Pastafaris de Alicante piden al Ayuntamiento que les ceda la banda municipal para un «acto religioso» como han hecho con otras confesiones

Responden al nombre de pastafaris, celebraron el 18 de abril su primera boda oficial (en Nueva Zelanda) y cuentan con miles de seguidores en todo el mundo. Su credo: adorar la pasta en todas sus formas. Su dios: el gran Espagueti Volador, un monstruo que provocó la expulsión del hombre y la mujer del Paraíso por «un pequeño accidente de cocina».

La religión paródica del Espagueti Volador -o pastafarismo- nació en 2005 en Estados Unidos, donde acaba de ser desechada como oficial por una juez. Actualmente sólo está reconocida en Nueva Zelanda y Holanda. Su creador, el físico Bobby Henderson, utilizó este instrumento satírico durante la era Bush para criticar a las religiones que el Gobierno de su país consideraba oficiales y que, en opinión de Henderson, recibían beneficios arbitrarios respecto al resto de asociaciones ciudadanas. A partir de ahí se ha extendido a todo el mundo bajo el dogma de que la pasta es «un don» con el que el Espagueti Volador «ha obsequiado a los seres humanos».

En España es un fenómeno minoritario, a pesar de que ya intentó registrarse como oficial en 2010. Sin embargo, quiere hacerse oír con pequeños gestos reivindicativos. Este lunes exigieron por escrito al Ayuntamiento de Alicante que les preste la banda de música municipal para una homilía (la Bendición de las Aguas del Mar) que se celebra el 8 de mayo en el espigón de la playa del Cocó.
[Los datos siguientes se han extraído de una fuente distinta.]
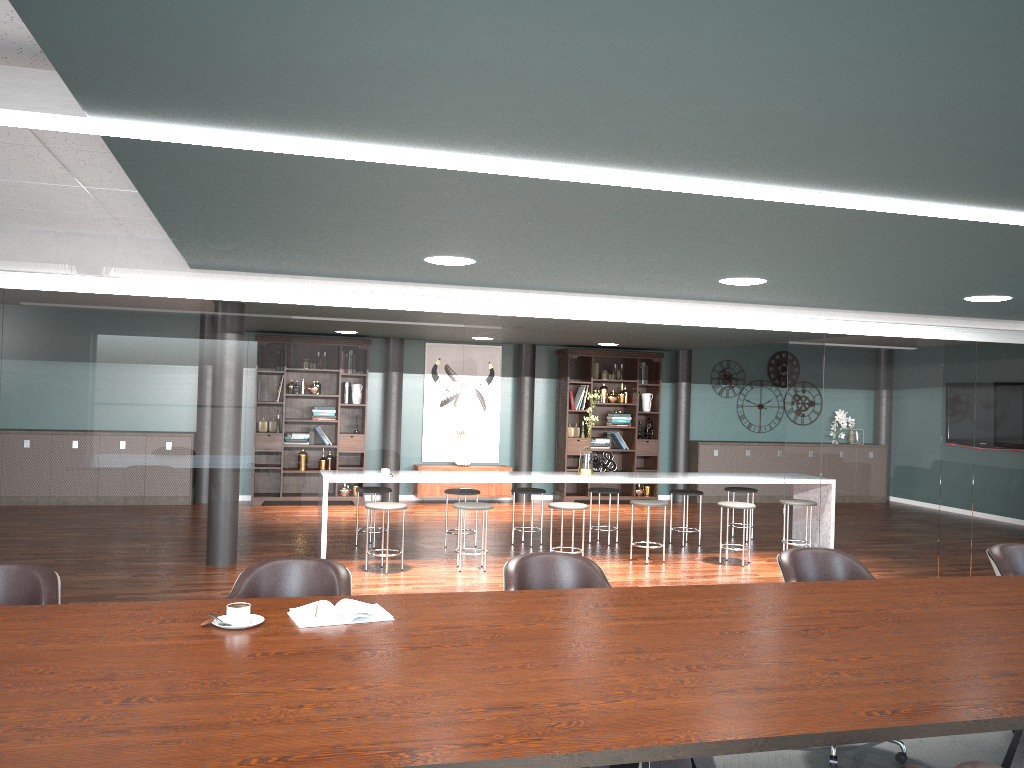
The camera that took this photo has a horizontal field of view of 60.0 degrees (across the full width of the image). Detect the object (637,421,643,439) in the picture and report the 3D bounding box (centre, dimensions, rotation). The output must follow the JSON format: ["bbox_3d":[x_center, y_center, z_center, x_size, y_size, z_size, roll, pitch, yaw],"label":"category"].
[{"bbox_3d":[1.688,0.609,11.703,0.077,0.228,0.077,2,-1,-32],"label":"object"}]

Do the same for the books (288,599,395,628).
[{"bbox_3d":[-0.518,0.688,2.684,0.285,0.032,0.180,2,-1,-25],"label":"books"}]

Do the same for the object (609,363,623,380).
[{"bbox_3d":[1.351,-0.161,11.641,0.196,0.221,0.184,2,-1,-15],"label":"object"}]

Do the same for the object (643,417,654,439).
[{"bbox_3d":[1.798,0.581,11.749,0.116,0.286,0.215,2,-1,-20],"label":"object"}]

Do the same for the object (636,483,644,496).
[{"bbox_3d":[1.666,1.380,11.624,0.144,0.175,0.073,2,-1,-13],"label":"object"}]

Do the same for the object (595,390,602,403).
[{"bbox_3d":[1.122,0.161,11.503,0.079,0.161,0.080,2,-1,11],"label":"object"}]

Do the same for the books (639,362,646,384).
[{"bbox_3d":[1.716,-0.142,11.744,0.027,0.286,0.184,2,-1,-15],"label":"books"}]

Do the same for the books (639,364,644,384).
[{"bbox_3d":[1.693,-0.134,11.737,0.016,0.268,0.205,2,-1,-15],"label":"books"}]

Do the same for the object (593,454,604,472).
[{"bbox_3d":[1.081,1.024,11.500,0.224,0.238,0.159,2,-1,-15],"label":"object"}]

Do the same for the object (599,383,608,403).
[{"bbox_3d":[1.199,0.119,11.602,0.114,0.251,0.114,2,-1,11],"label":"object"}]

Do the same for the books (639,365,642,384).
[{"bbox_3d":[1.664,-0.124,11.729,0.042,0.248,0.194,2,-1,-15],"label":"books"}]

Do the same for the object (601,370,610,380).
[{"bbox_3d":[1.216,-0.118,11.593,0.096,0.126,0.106,1,-1,35],"label":"object"}]

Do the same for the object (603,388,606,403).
[{"bbox_3d":[1.197,0.149,11.493,0.040,0.191,0.040,2,-1,-6],"label":"object"}]

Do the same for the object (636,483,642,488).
[{"bbox_3d":[1.672,1.385,11.752,0.099,0.169,0.099,2,-1,-41],"label":"object"}]

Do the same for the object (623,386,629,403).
[{"bbox_3d":[1.495,0.144,11.725,0.092,0.222,0.092,2,-1,19],"label":"object"}]

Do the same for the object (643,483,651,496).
[{"bbox_3d":[1.786,1.344,11.706,0.108,0.256,0.108,2,-1,19],"label":"object"}]

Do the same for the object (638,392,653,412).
[{"bbox_3d":[1.742,0.234,11.782,0.268,0.262,0.137,2,-1,24],"label":"object"}]

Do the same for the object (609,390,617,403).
[{"bbox_3d":[1.325,0.164,11.659,0.099,0.169,0.099,2,-1,-41],"label":"object"}]

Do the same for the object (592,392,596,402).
[{"bbox_3d":[1.043,0.153,11.577,0.105,0.172,0.105,2,-1,-19],"label":"object"}]

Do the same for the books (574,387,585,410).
[{"bbox_3d":[0.857,0.185,11.511,0.115,0.296,0.210,2,-1,-15],"label":"books"}]

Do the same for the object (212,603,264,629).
[{"bbox_3d":[-0.790,0.667,2.560,0.146,0.056,0.146,2,-1,9],"label":"object"}]

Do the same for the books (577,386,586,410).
[{"bbox_3d":[0.883,0.177,11.513,0.090,0.316,0.197,2,-1,-15],"label":"books"}]

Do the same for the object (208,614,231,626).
[{"bbox_3d":[-0.846,0.683,2.554,0.034,0.012,0.155,2,-1,-38],"label":"object"}]

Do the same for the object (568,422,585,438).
[{"bbox_3d":[0.803,0.582,11.488,0.250,0.221,0.186,2,-1,-17],"label":"object"}]

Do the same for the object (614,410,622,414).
[{"bbox_3d":[1.389,0.365,11.658,0.104,0.052,0.100,2,-1,-11],"label":"object"}]

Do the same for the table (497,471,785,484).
[{"bbox_3d":[0.653,1.148,7.773,4.577,0.699,0.609,2,-1,-15],"label":"table"}]

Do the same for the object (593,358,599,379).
[{"bbox_3d":[1.080,-0.196,11.585,0.104,0.273,0.104,2,-1,21],"label":"object"}]

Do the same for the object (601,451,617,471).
[{"bbox_3d":[1.263,1.017,11.670,0.233,0.268,0.051,2,-1,-15],"label":"object"}]

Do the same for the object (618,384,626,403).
[{"bbox_3d":[1.439,0.124,11.613,0.108,0.256,0.108,2,-1,19],"label":"object"}]

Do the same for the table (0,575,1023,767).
[{"bbox_3d":[1.111,1.108,2.701,6.694,0.706,1.374,2,-1,-15],"label":"table"}]

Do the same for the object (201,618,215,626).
[{"bbox_3d":[-0.871,0.681,2.539,0.041,0.021,0.044,2,-1,-23],"label":"object"}]

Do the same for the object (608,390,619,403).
[{"bbox_3d":[1.318,0.160,11.530,0.144,0.175,0.073,2,-1,-13],"label":"object"}]
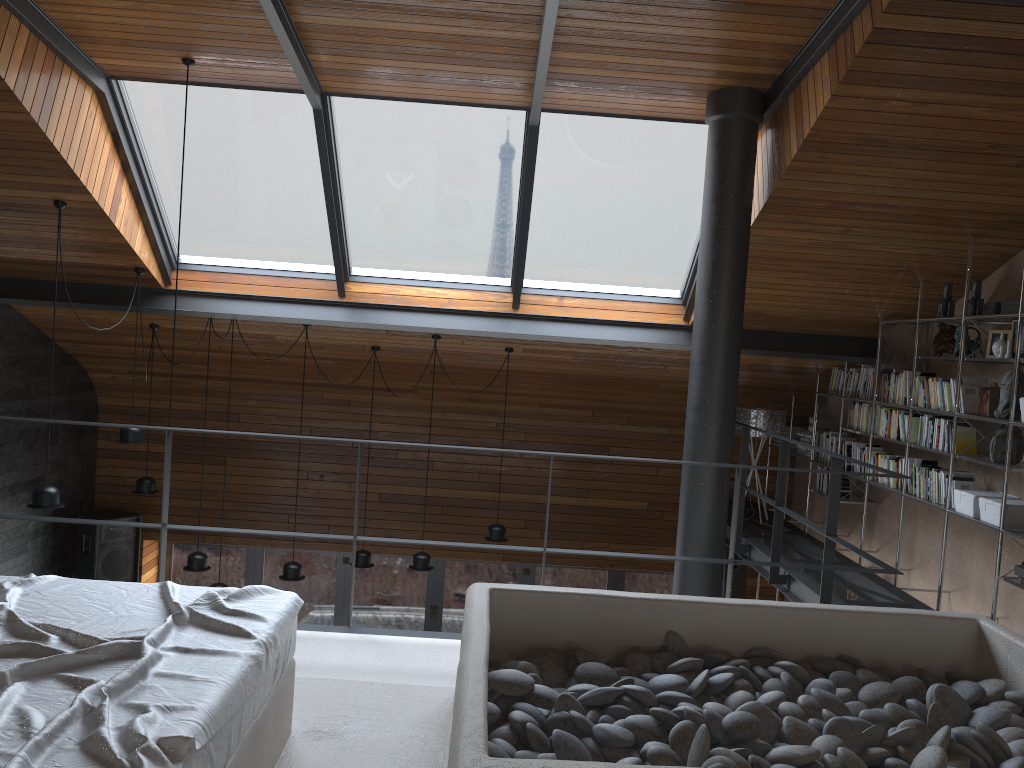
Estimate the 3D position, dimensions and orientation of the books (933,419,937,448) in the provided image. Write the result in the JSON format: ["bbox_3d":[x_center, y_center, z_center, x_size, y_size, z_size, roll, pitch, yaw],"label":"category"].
[{"bbox_3d":[2.756,0.319,5.637,0.148,0.190,0.013,4,2,-2],"label":"books"}]

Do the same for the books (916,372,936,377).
[{"bbox_3d":[2.774,0.037,5.957,0.148,0.233,0.053,4,2,-2],"label":"books"}]

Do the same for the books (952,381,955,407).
[{"bbox_3d":[2.761,0.080,5.419,0.127,0.192,0.079,4,2,-2],"label":"books"}]

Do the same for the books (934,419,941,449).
[{"bbox_3d":[2.761,0.320,5.625,0.148,0.190,0.013,4,2,-2],"label":"books"}]

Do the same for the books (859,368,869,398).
[{"bbox_3d":[2.732,-0.005,6.739,0.148,0.229,0.073,4,2,-2],"label":"books"}]

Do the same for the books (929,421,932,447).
[{"bbox_3d":[2.763,0.326,5.710,0.146,0.171,0.018,4,2,-2],"label":"books"}]

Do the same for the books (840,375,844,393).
[{"bbox_3d":[2.725,-0.002,7.155,0.127,0.197,0.063,4,2,-2],"label":"books"}]

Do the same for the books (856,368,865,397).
[{"bbox_3d":[2.730,-0.008,6.785,0.148,0.229,0.073,4,2,-2],"label":"books"}]

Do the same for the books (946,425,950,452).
[{"bbox_3d":[2.760,0.339,5.483,0.148,0.167,0.053,4,2,-2],"label":"books"}]

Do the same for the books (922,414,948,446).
[{"bbox_3d":[2.786,0.305,5.801,0.191,0.207,0.012,4,2,-2],"label":"books"}]

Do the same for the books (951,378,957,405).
[{"bbox_3d":[2.789,0.072,5.451,0.164,0.209,0.084,4,2,-2],"label":"books"}]

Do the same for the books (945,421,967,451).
[{"bbox_3d":[2.768,0.326,5.522,0.129,0.188,0.010,4,2,-2],"label":"books"}]

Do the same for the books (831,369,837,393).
[{"bbox_3d":[2.739,-0.019,7.351,0.149,0.202,0.067,4,2,-2],"label":"books"}]

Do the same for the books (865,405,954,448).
[{"bbox_3d":[2.740,0.282,6.189,0.138,0.212,1.040,4,3,-1],"label":"books"}]

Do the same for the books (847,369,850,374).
[{"bbox_3d":[2.742,-0.010,7.103,0.161,0.220,0.074,4,2,-2],"label":"books"}]

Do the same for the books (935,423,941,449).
[{"bbox_3d":[2.758,0.335,5.610,0.143,0.161,0.019,4,2,-2],"label":"books"}]

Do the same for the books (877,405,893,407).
[{"bbox_3d":[2.749,0.264,6.528,0.143,0.218,0.020,4,2,-2],"label":"books"}]

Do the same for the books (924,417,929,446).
[{"bbox_3d":[2.768,0.314,5.777,0.148,0.190,0.013,4,2,-2],"label":"books"}]

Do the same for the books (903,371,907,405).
[{"bbox_3d":[2.741,0.031,6.039,0.148,0.233,0.053,4,2,-2],"label":"books"}]

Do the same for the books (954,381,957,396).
[{"bbox_3d":[2.769,0.081,5.408,0.127,0.192,0.079,4,2,-2],"label":"books"}]

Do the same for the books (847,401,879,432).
[{"bbox_3d":[2.711,0.250,6.819,0.130,0.216,0.311,4,3,-2],"label":"books"}]

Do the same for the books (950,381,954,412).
[{"bbox_3d":[2.771,0.079,5.460,0.127,0.192,0.079,4,2,-2],"label":"books"}]

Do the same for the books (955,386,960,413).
[{"bbox_3d":[2.763,0.095,5.391,0.119,0.166,0.072,4,2,-2],"label":"books"}]

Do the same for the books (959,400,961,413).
[{"bbox_3d":[2.774,0.080,5.380,0.125,0.200,0.088,4,2,-2],"label":"books"}]

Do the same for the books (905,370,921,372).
[{"bbox_3d":[2.757,0.030,6.070,0.143,0.236,0.062,4,2,-2],"label":"books"}]

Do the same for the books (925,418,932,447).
[{"bbox_3d":[2.768,0.316,5.748,0.160,0.187,0.021,4,2,-2],"label":"books"}]

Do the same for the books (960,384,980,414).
[{"bbox_3d":[2.765,0.092,5.343,0.117,0.176,0.074,4,2,-2],"label":"books"}]

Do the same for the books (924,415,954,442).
[{"bbox_3d":[2.791,0.308,5.790,0.192,0.204,0.012,4,2,-2],"label":"books"}]

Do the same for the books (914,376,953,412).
[{"bbox_3d":[2.749,0.063,5.688,0.139,0.206,0.497,4,3,-2],"label":"books"}]

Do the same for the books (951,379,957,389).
[{"bbox_3d":[2.790,0.072,5.441,0.170,0.209,0.082,4,2,-3],"label":"books"}]

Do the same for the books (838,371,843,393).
[{"bbox_3d":[2.728,-0.004,7.207,0.127,0.197,0.063,4,2,-2],"label":"books"}]

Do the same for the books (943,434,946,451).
[{"bbox_3d":[2.761,0.348,5.534,0.128,0.143,0.009,4,2,-2],"label":"books"}]

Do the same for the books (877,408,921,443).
[{"bbox_3d":[2.721,0.287,6.167,0.139,0.208,0.494,4,3,-2],"label":"books"}]

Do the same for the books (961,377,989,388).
[{"bbox_3d":[2.799,0.063,5.357,0.177,0.209,0.082,4,2,-2],"label":"books"}]

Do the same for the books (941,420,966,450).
[{"bbox_3d":[2.768,0.324,5.558,0.148,0.190,0.013,4,2,-2],"label":"books"}]

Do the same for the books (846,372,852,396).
[{"bbox_3d":[2.716,0.004,7.019,0.111,0.194,0.059,4,2,-2],"label":"books"}]

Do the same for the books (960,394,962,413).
[{"bbox_3d":[2.785,0.074,5.363,0.161,0.215,0.092,4,2,-2],"label":"books"}]

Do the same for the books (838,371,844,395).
[{"bbox_3d":[2.718,-0.003,7.166,0.127,0.197,0.063,4,2,-2],"label":"books"}]

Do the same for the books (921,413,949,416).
[{"bbox_3d":[2.793,0.303,5.854,0.207,0.207,0.010,4,2,-2],"label":"books"}]

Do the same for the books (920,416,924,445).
[{"bbox_3d":[2.772,0.313,5.815,0.169,0.189,0.018,4,2,-2],"label":"books"}]

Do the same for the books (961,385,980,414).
[{"bbox_3d":[2.759,0.095,5.331,0.112,0.169,0.068,4,2,-2],"label":"books"}]

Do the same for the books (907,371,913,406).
[{"bbox_3d":[2.742,0.033,5.991,0.148,0.233,0.053,4,2,-2],"label":"books"}]

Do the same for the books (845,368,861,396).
[{"bbox_3d":[2.723,-0.011,7.028,0.122,0.227,0.076,4,2,-2],"label":"books"}]

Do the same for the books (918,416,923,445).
[{"bbox_3d":[2.755,0.310,5.842,0.148,0.190,0.013,4,2,-2],"label":"books"}]

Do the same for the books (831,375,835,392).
[{"bbox_3d":[2.731,-0.008,7.367,0.131,0.178,0.057,4,2,-2],"label":"books"}]

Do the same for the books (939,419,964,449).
[{"bbox_3d":[2.771,0.320,5.589,0.146,0.195,0.023,4,2,-2],"label":"books"}]

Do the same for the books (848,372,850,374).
[{"bbox_3d":[2.721,0.002,7.073,0.111,0.194,0.059,4,2,-2],"label":"books"}]

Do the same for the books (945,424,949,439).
[{"bbox_3d":[2.752,0.338,5.496,0.130,0.167,0.046,4,2,-2],"label":"books"}]

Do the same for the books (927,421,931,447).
[{"bbox_3d":[2.750,0.327,5.723,0.130,0.169,0.010,4,2,-2],"label":"books"}]
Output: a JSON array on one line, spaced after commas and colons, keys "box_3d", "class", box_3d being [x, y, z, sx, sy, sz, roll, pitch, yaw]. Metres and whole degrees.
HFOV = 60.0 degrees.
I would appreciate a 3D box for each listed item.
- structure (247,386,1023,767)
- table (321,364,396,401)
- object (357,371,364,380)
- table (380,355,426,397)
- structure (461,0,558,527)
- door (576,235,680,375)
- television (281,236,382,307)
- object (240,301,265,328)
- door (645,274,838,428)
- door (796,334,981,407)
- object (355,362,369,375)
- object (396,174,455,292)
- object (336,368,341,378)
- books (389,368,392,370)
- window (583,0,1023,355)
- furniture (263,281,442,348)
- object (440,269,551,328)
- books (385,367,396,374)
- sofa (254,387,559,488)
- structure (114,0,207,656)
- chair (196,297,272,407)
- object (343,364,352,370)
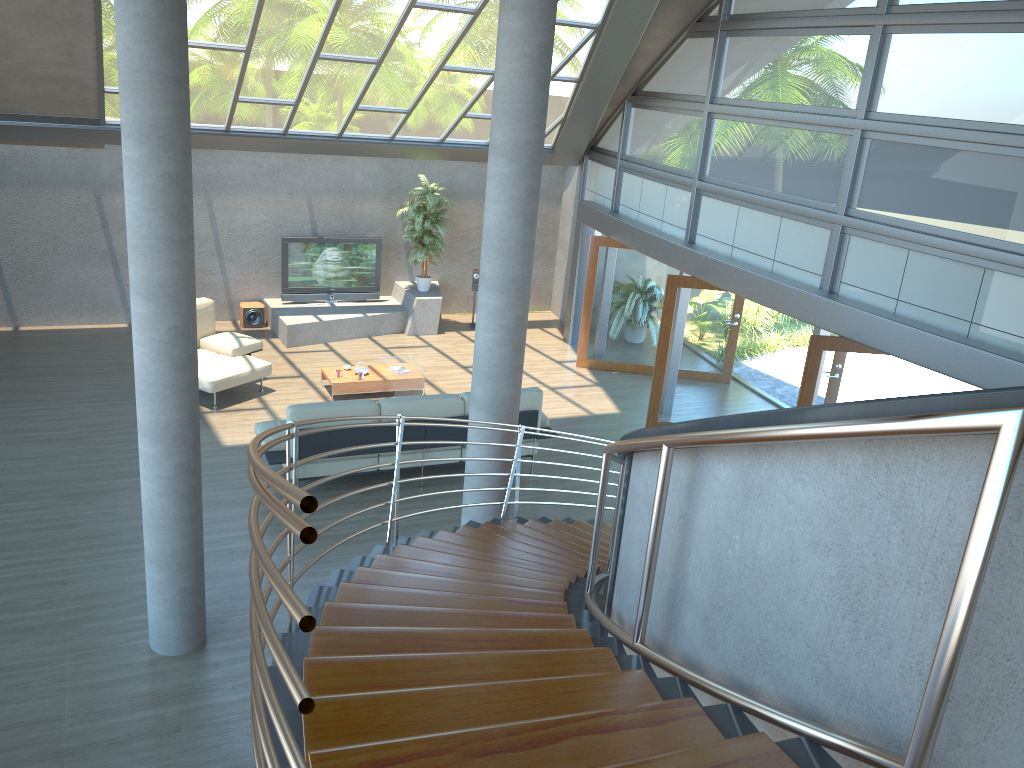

Lo que piden los pastafaris es simple: que toquen el «himno Paquito el Chocolatero» y «otras obras» entre las 12.00 y las 14.00 horas, acompañando las palabras del «reverendo Paster Tiamat». Y argumentan que el consistorio, gobernado por un tripartito de izquierdas, ya ha cedido el uso de la banda a «otras confesiones», en un claro guiño a la participación de los músicos en las procesiones celebradas en Semana Santa.

La presencia de los trabajadores públicos en este tipo de actos ha provocado polémica entre los socios de Gobierno, especialmente porque el área del que dependen (Cultura, controlada por Guanyar) está en contra de usar recursos públicos en cualquier tipo de actos religiosos. De hecho, en la formación de izquierdas consideran que la participación pública «es inconstitucional».

Ahora se enfrentan al dilema de dar una respuesta oficial a los pastafaris, quienesse despiden animando a los escépticos a probar sus ocho majamientos «durante 30 días». «Si no te gusta probablemente tu antigua religión te acepte de nuevo», dicen.